Thank you. Our next question comes from Lisa Baker with JMP Securities. Your line is now open.
Hi. I wanted to also wish congratulations to the team during the transition. I wanted to ask about the European rollout. Can you just get into a little more specifics on sort of timing of the different countries and what you think is the on-ramping could look like given that this is sort of a new therapy that's available in some countries, meaning they haven't had access to CFTR modulators in the past? Thanks.
Yeah, I think there's really two aspects to that question, Lisa. One is the timing in different countries of the uptake of our current medicines, which are approved in Europe. And clearly, we expect that, as I mentioned earlier, to begin now that we have reimbursement agreements in some of the major countries, UK, Spain, France, et cetera, for existing CFTR modulators. In terms of how that might play out for the triple combination, you know, clearly, we have that submission in with the regulatory authorities. Our expectation is for an approval in Q4 of this year. And as you know, the regulatory approval is really the trigger to the beginning of reimbursement discussions. And so within our guidance for 2020, there is minimal triple combination revenues included within that guidance.

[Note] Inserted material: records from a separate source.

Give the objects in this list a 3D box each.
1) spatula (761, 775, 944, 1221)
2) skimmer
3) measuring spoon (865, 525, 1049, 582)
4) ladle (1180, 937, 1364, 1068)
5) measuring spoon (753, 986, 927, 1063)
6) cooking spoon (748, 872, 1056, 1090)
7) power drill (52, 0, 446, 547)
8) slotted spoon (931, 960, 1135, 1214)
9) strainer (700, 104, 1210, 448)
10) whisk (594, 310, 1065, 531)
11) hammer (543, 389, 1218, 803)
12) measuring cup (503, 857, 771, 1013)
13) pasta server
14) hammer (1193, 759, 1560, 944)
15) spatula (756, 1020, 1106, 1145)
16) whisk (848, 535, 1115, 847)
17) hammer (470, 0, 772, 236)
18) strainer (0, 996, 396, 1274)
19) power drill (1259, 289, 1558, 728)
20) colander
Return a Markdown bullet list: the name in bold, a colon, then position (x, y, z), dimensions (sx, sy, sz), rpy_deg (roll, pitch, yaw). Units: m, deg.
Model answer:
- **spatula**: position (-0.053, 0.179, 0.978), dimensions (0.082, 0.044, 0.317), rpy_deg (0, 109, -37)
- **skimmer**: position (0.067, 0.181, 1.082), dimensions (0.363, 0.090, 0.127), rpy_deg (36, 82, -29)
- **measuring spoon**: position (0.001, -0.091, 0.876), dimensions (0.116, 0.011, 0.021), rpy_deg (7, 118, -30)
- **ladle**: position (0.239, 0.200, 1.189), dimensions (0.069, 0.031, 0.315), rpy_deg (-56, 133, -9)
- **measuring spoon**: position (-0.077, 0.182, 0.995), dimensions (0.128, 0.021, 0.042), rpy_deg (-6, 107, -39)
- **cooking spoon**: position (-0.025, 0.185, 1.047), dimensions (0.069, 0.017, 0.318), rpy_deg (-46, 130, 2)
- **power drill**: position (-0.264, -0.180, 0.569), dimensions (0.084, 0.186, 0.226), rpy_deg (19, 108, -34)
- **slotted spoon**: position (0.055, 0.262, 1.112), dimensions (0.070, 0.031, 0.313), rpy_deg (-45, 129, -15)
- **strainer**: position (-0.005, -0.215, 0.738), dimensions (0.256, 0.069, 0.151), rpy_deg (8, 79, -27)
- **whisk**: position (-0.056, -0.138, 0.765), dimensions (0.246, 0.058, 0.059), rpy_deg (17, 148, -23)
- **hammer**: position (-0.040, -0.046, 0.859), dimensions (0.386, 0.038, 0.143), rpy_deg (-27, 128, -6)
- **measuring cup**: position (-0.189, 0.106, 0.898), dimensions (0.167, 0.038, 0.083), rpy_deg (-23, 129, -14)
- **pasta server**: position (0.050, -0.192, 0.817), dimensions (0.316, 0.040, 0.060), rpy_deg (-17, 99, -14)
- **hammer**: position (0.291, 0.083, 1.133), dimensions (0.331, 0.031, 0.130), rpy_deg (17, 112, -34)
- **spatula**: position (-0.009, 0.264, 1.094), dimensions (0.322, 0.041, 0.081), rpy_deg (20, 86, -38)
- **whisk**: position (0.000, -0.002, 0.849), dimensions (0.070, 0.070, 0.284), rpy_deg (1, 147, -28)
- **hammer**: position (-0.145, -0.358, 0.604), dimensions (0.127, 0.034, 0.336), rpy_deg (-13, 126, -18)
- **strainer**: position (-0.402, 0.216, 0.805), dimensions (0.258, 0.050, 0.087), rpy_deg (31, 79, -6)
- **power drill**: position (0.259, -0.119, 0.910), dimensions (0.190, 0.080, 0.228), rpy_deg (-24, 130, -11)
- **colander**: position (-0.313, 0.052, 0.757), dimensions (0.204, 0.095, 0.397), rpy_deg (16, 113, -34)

Okay. Operator, we have time for one more question.
Thank you. Our final question comes from Brian Abrahams with RBC Capital Markets. Your line is now open.
Hi there. Thanks for taking my questions, and congratulations on the quarter, and congratulations, Jeff, too, on all your accomplishments. What's been your feedback on real-world experience with Trikafta efficacy and safety? To what degree that's been aligning with the clinical trial experience? Is anything unexpected or different there? And then secondarily, can you remind us of your plan to collect longer-term outcomes data with Trikafta, things like exacerbations, the timeline for updating that, and how important you think that will be for full market penetration in the U.S. as well as European access. Thanks.

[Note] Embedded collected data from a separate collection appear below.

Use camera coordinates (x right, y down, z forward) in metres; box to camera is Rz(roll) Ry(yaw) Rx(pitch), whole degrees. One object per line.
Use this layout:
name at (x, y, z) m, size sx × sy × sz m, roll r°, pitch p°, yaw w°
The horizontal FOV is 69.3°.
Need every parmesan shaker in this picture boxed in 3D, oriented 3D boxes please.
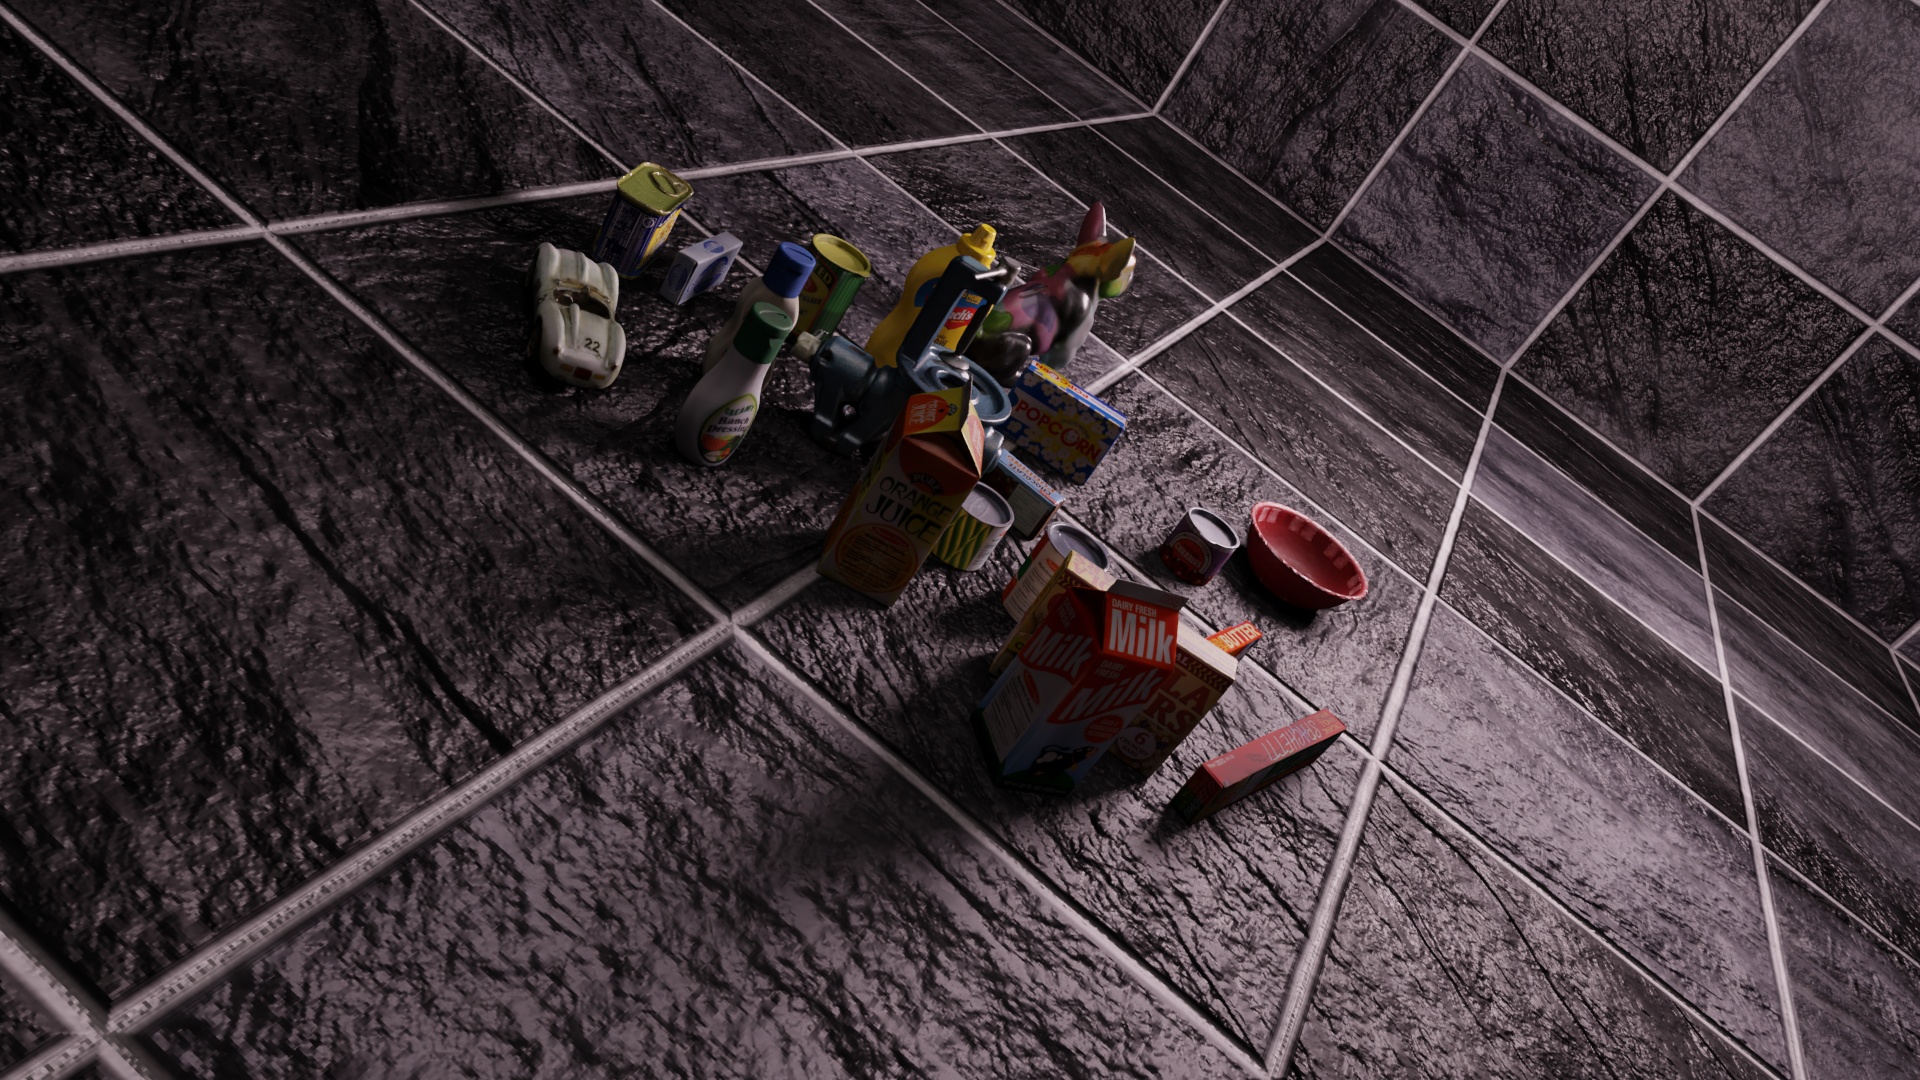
parmesan shaker at (-0.143, -0.253, 1.432) m, size 0.071 × 0.102 × 0.072 m, roll 25°, pitch 30°, yaw -16°

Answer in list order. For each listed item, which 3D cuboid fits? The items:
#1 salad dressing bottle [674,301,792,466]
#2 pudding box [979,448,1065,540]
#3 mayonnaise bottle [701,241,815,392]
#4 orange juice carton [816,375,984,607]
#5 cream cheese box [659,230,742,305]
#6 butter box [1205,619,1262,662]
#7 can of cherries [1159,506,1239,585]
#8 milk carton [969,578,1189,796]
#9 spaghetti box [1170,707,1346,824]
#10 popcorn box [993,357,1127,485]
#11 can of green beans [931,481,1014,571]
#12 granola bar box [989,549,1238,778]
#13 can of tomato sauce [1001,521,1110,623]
salad dressing bottle at (-0.188, -0.130, 1.155) m, size 0.064 × 0.147 × 0.044 m, roll -5°, pitch 47°, yaw -49°
pudding box at (0.056, -0.046, 1.379) m, size 0.084 × 0.049 × 0.030 m, roll 39°, pitch 29°, yaw 9°
mayonnaise bottle at (-0.181, -0.203, 1.272) m, size 0.065 × 0.147 × 0.041 m, roll 21°, pitch 31°, yaw -22°
orange juice carton at (-0.039, -0.045, 1.134) m, size 0.073 × 0.191 × 0.072 m, roll 27°, pitch 29°, yaw -12°
cream cheese box at (-0.260, -0.274, 1.397) m, size 0.024 × 0.053 × 0.104 m, roll 35°, pitch 29°, yaw 1°
butter box at (0.247, 0.111, 1.335) m, size 0.024 × 0.053 × 0.104 m, roll 46°, pitch 31°, yaw 21°
can of cherries at (0.255, 0.007, 1.494) m, size 0.071 × 0.058 × 0.072 m, roll 25°, pitch 30°, yaw -16°
milk carton at (0.092, 0.103, 1.048) m, size 0.072 × 0.189 × 0.074 m, roll 15°, pitch 34°, yaw -31°
spaghetti box at (0.270, 0.197, 1.232) m, size 0.251 × 0.050 × 0.029 m, roll -9°, pitch 50°, yaw -51°
popcorn box at (0.107, -0.130, 1.520) m, size 0.127 × 0.085 × 0.038 m, roll 32°, pitch 29°, yaw -4°
can of green beans at (0.006, -0.014, 1.273) m, size 0.071 × 0.057 × 0.071 m, roll 25°, pitch 30°, yaw -16°
granola bar box at (0.125, 0.104, 1.148) m, size 0.165 × 0.123 × 0.039 m, roll 34°, pitch 29°, yaw -1°
can of tomato sauce at (0.086, 0.035, 1.254) m, size 0.071 × 0.082 × 0.071 m, roll 25°, pitch 30°, yaw -16°

So in terms of the real-world experience, I would say has been very similar to what we saw in the Phase III program, Brian. The feedback we've had from physicians and patients has been almost universally positive, and when I say positive, that their experience at the level of of efficacy and the impact it's having on their lives is really inspiring. Obviously, safety is something which needs to play out over time, but certainly we haven't seen anything in the real world that has surprised us that has been different from what we saw in the Phase III programs. And as you know, those studies demonstrated a very, very strong benefit-risk profile. In terms of outcomes data and what data we're going to be collecting, I'll hand that over to Reshma.

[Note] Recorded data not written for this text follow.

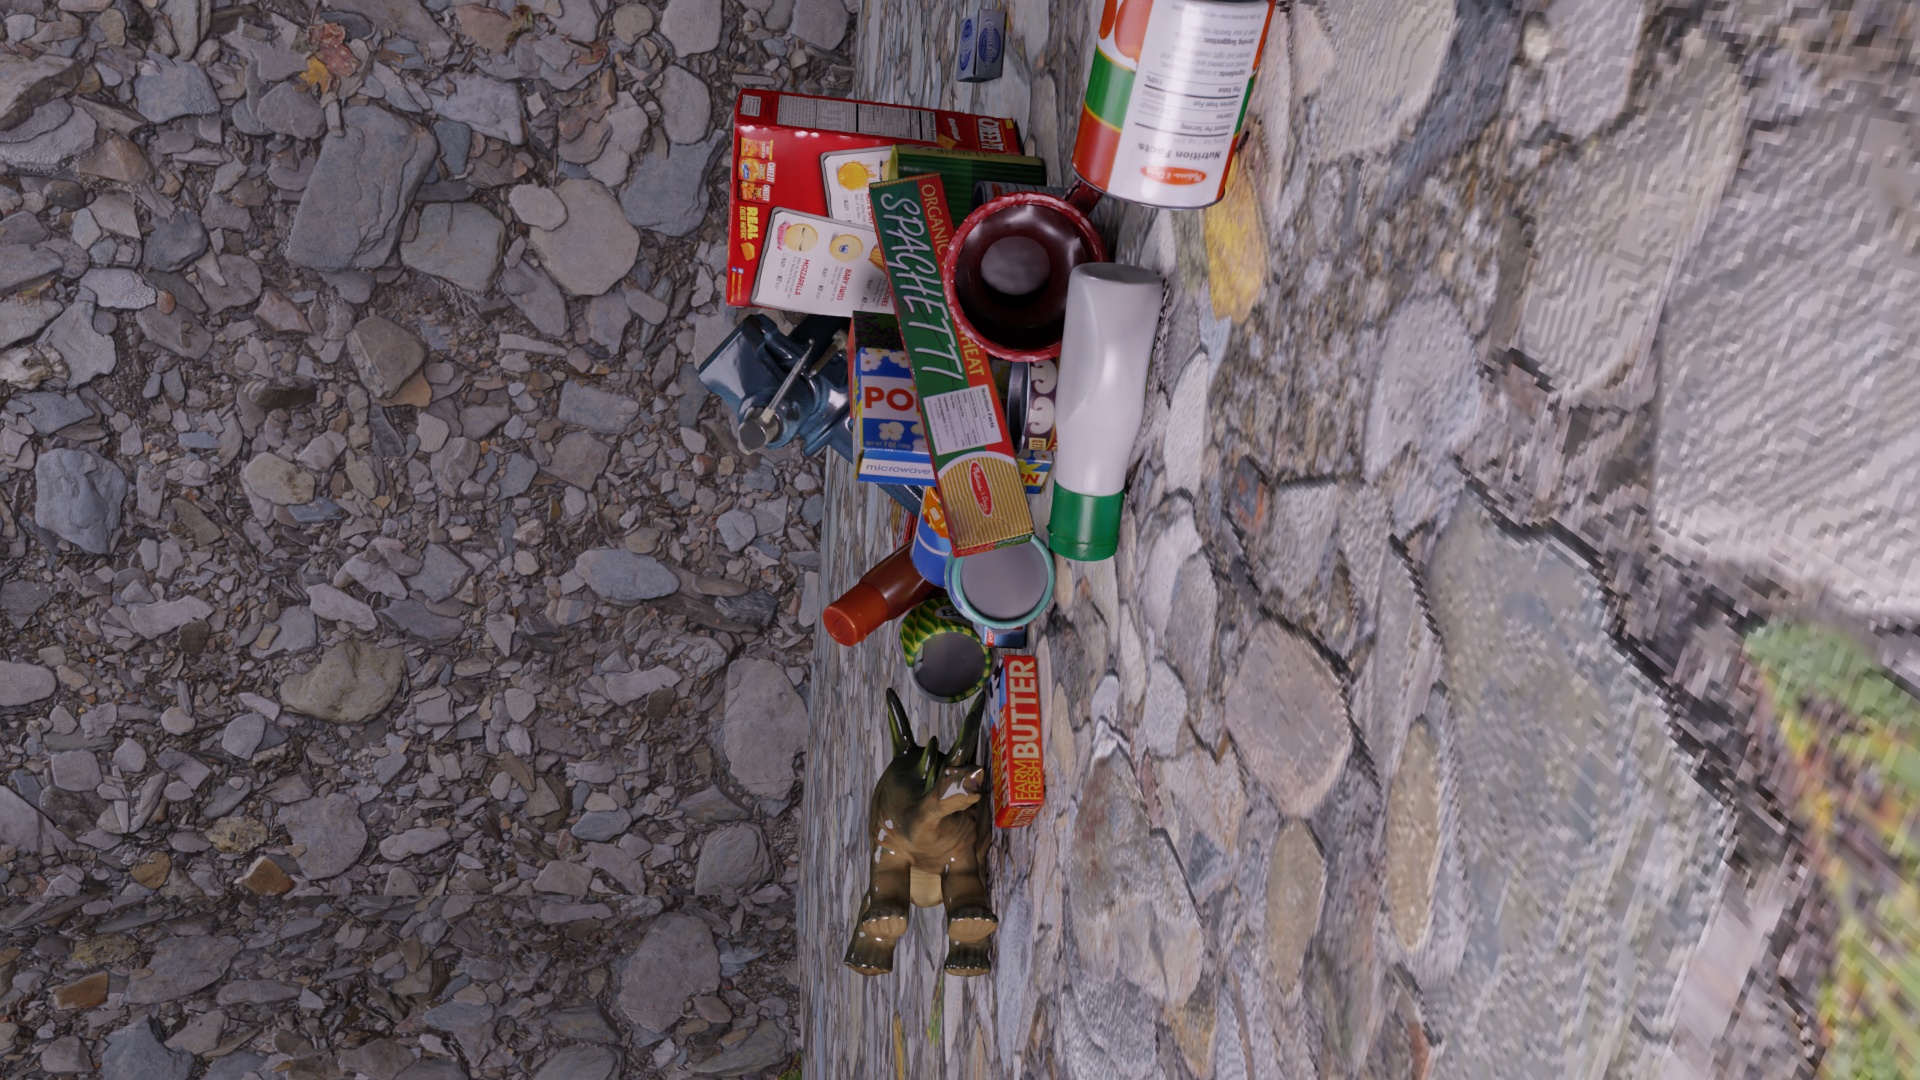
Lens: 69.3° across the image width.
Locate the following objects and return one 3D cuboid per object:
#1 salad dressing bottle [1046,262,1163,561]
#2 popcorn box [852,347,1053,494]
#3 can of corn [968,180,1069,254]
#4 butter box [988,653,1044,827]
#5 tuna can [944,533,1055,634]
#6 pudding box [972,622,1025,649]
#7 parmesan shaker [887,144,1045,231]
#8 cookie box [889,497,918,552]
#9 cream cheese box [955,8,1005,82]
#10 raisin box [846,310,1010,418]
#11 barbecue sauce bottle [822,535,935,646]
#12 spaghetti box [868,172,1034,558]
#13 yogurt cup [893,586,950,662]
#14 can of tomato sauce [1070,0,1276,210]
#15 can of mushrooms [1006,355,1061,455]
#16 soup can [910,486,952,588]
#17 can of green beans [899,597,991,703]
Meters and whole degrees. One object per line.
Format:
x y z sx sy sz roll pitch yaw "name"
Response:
0.070 -0.063 0.699 0.064 0.044 0.147 -111 24 -64 "salad dressing bottle"
-0.007 -0.078 0.911 0.038 0.127 0.085 110 160 -53 "popcorn box"
0.037 -0.190 0.880 0.071 0.058 0.071 -175 88 -81 "can of corn"
0.036 0.131 0.907 0.053 0.024 0.104 108 162 -61 "butter box"
0.025 0.025 0.873 0.033 0.071 0.071 176 96 -80 "tuna can"
0.029 0.029 0.961 0.050 0.030 0.083 -134 47 -79 "pudding box"
0.003 -0.237 0.965 0.071 0.103 0.071 -175 88 -81 "parmesan shaker"
-0.042 -0.030 1.377 0.168 0.040 0.122 -100 16 -53 "cookie box"
0.016 -0.418 1.177 0.104 0.024 0.053 -118 31 -72 "cream cheese box"
-0.018 -0.121 0.997 0.086 0.123 0.039 -98 16 -48 "raisin box"
-0.046 0.031 1.103 0.149 0.044 0.064 -38 -10 -38 "barbecue sauce bottle"
-0.008 -0.112 0.861 0.028 0.050 0.250 96 161 -72 "spaghetti box"
-0.020 0.069 1.152 0.054 0.072 0.072 -88 5 -62 "yogurt cup"
0.085 -0.187 0.564 0.071 0.071 0.082 -100 16 -52 "can of tomato sauce"
0.050 -0.085 0.850 0.071 0.033 0.071 -175 88 -80 "can of mushrooms"
0.004 -0.013 1.027 0.083 0.071 0.072 104 165 -47 "soup can"
-0.012 0.086 1.084 0.058 0.071 0.071 -114 28 -68 "can of green beans"

Sure. So, Brian, you know that we, in the Phase 3 program for the FMS patients, that was the program with about 400 patients that went out to 24 weeks. We already reported on pulmonary exacerbations, and it was a really large reduction of 63%. We are continuing to collect data, so patients in both the FF study and the FMS study rolled over into an open-label extension. That goes out through 96 weeks. And in addition to that, we have additional studies that we're doing collecting data from various registries, not only here in the U.S., but as we've done with our other CFTR modulators around the globe as well. So, We have more data to look forward to, not only from the clinical trials program and the open label extension, but also registry data that we're collecting and will be collecting around the globe.
Thanks very much.
Okay. On behalf of everyone here, thanks, everybody, for listening to tonight's call. Thanks also for all the kind words. We know that there are other earnings calls tonight, so we'll let you get to them. And at the same time, the IR team is in the office and happy to talk to you if you have additional questions.
Ladies and gentlemen, this concludes today's conference call. Thank you for participating. You may now disconnect.